**How to complete this task**
Leaving out every picture, output the records below exactly as they are.
Top of Given entries
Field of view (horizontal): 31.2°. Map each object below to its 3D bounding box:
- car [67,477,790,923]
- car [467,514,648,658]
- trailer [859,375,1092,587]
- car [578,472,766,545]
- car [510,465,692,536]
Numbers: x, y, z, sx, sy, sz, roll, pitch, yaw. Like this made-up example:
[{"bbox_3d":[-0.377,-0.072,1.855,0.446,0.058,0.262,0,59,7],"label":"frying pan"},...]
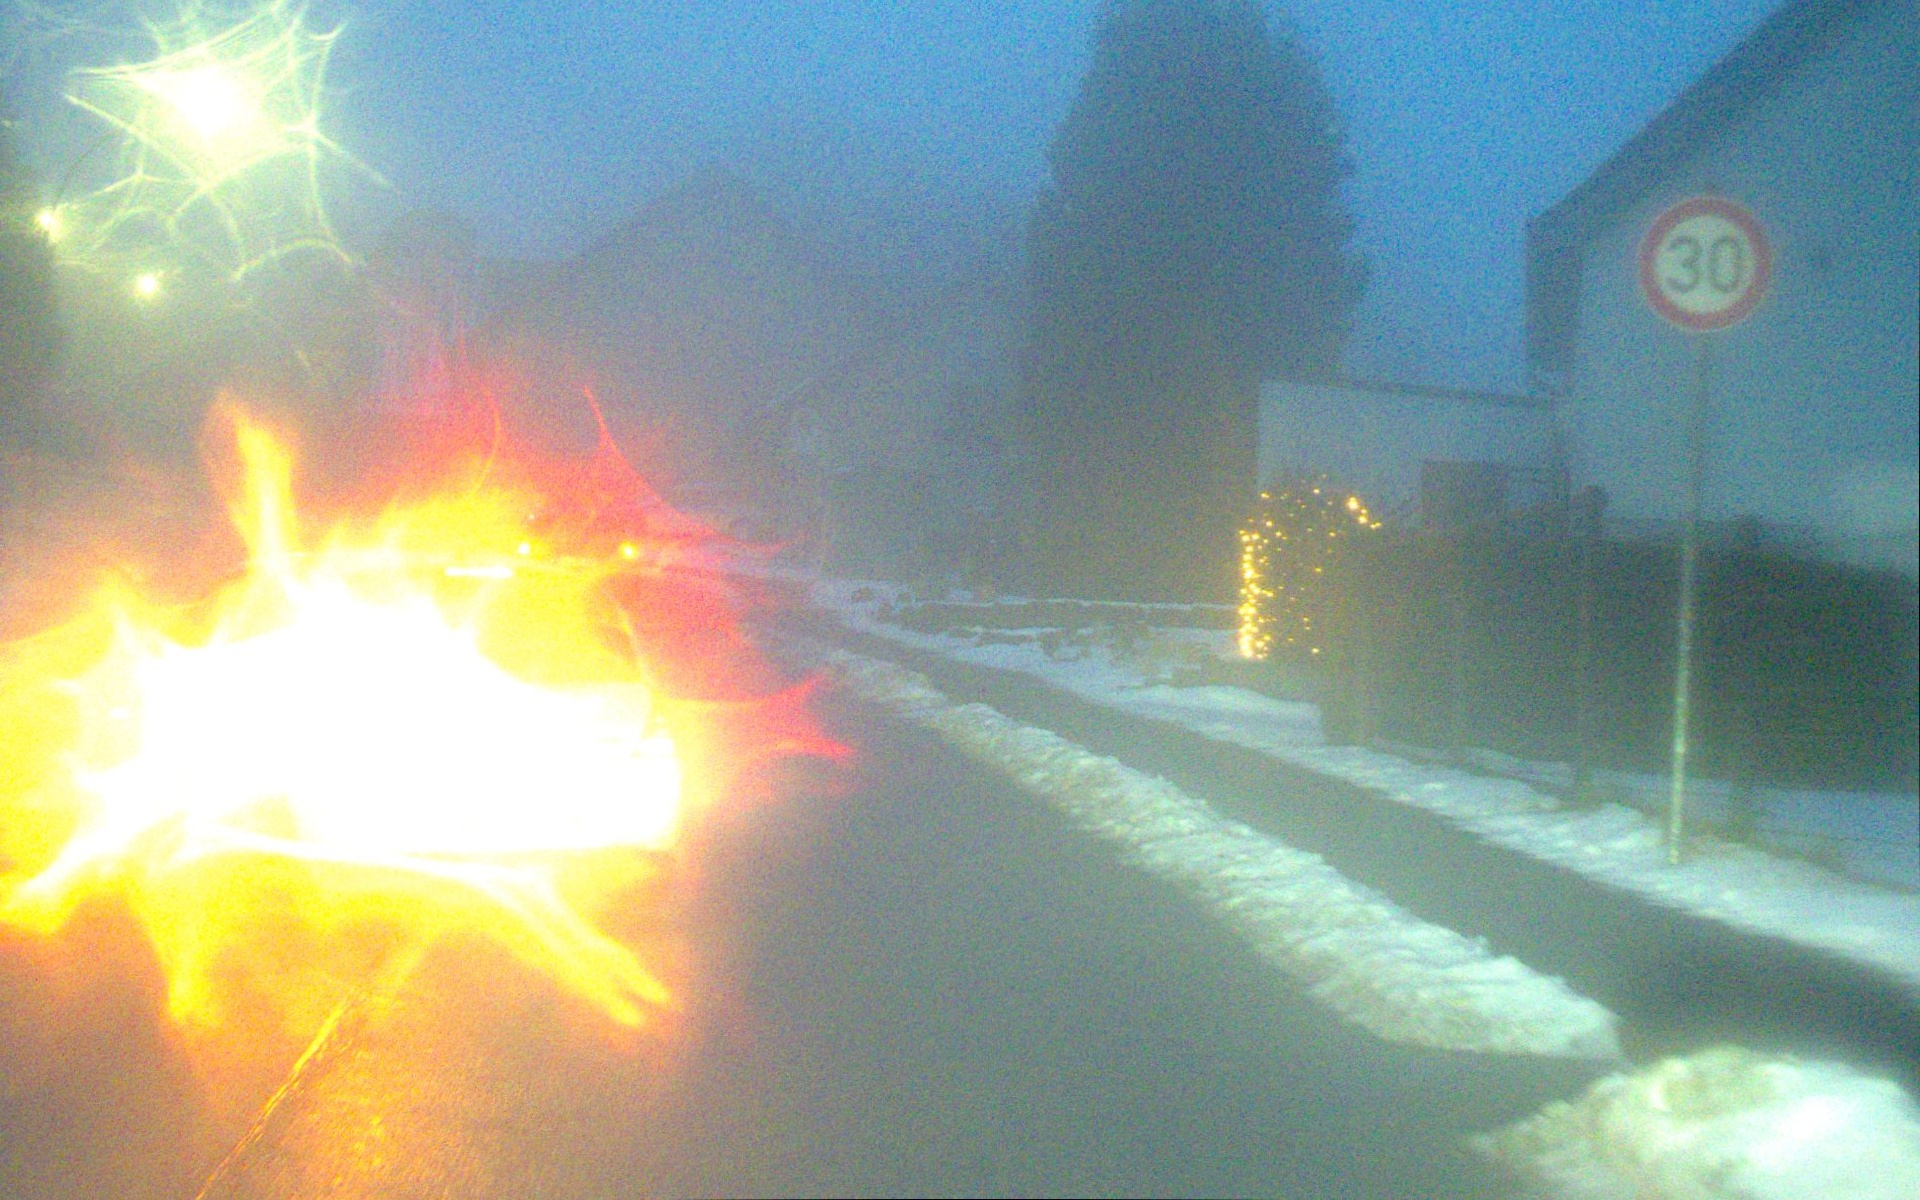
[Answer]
[{"bbox_3d":[-2.395,0.338,14.560,1.897,1.604,4.001,1,1,-26],"label":"car"},{"bbox_3d":[-5.188,-0.158,43.959,1.993,1.731,3.879,1,-1,-11],"label":"car"},{"bbox_3d":[0.206,-2.128,62.129,2.874,3.548,5.064,2,1,-15],"label":"trailer"},{"bbox_3d":[-6.624,-2.093,79.127,4.242,1.554,2.000,1,-1,-5],"label":"car"},{"bbox_3d":[-8.559,-2.345,81.781,4.157,1.554,1.946,1,-1,-10],"label":"car"}]
Bottom of Given entries
**Output below**
Field of view (horizontal): 31.2°. Map each object below to its 3D bounding box:
- car [67,477,790,923]
- car [467,514,648,658]
- trailer [859,375,1092,587]
- car [578,472,766,545]
- car [510,465,692,536]
Numbers: x, y, z, sx, sy, sz, roll, pitch, yaw. Like this made-up example:
[{"bbox_3d":[-0.377,-0.072,1.855,0.446,0.058,0.262,0,59,7],"label":"frying pan"},...]
[Answer]
[{"bbox_3d":[-2.395,0.338,14.560,1.897,1.604,4.001,1,1,-26],"label":"car"},{"bbox_3d":[-5.188,-0.158,43.959,1.993,1.731,3.879,1,-1,-11],"label":"car"},{"bbox_3d":[0.206,-2.128,62.129,2.874,3.548,5.064,2,1,-15],"label":"trailer"},{"bbox_3d":[-6.624,-2.093,79.127,4.242,1.554,2.000,1,-1,-5],"label":"car"},{"bbox_3d":[-8.559,-2.345,81.781,4.157,1.554,1.946,1,-1,-10],"label":"car"}]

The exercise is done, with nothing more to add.